#### [WHAT TO DO]
Could you return all of the entries word for word, minus any pictures?
** MATERIAL FOR THE TASK follows **
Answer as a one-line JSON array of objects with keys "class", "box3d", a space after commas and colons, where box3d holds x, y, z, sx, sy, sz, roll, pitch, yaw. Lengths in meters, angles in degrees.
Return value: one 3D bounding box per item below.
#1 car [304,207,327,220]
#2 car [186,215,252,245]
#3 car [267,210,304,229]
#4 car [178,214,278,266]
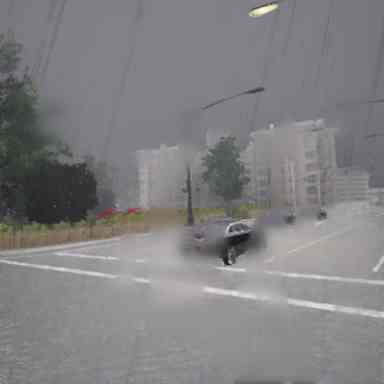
[{"class": "car", "box3d": [12.987, 2.274, 35.587, 1.994, 1.385, 4.181, -4, -3, 36]}, {"class": "car", "box3d": [1.713, 2.186, 19.928, 1.994, 1.385, 4.181, -4, -3, 36]}, {"class": "car", "box3d": [7.148, 2.212, 27.491, 2.033, 1.411, 5.357, -4, -3, 35]}, {"class": "car", "box3d": [1.399, 1.868, 13.204, 2.128, 1.511, 4.902, -4, -3, 34]}]
** End of MATERIAL FOR THE TASK **
#### [RESULT OF THIS TASK]
Answer as a one-line JSON array of objects with keys "class", "box3d", a space after commas and colons, where box3d holds x, y, z, sx, sy, sz, roll, pitch, yaw. Lengths in meters, angles in degrees.
Return value: one 3D bounding box per item below.
#1 car [304,207,327,220]
#2 car [186,215,252,245]
#3 car [267,210,304,229]
#4 car [178,214,278,266]
[{"class": "car", "box3d": [12.987, 2.274, 35.587, 1.994, 1.385, 4.181, -4, -3, 36]}, {"class": "car", "box3d": [1.713, 2.186, 19.928, 1.994, 1.385, 4.181, -4, -3, 36]}, {"class": "car", "box3d": [7.148, 2.212, 27.491, 2.033, 1.411, 5.357, -4, -3, 35]}, {"class": "car", "box3d": [1.399, 1.868, 13.204, 2.128, 1.511, 4.902, -4, -3, 34]}]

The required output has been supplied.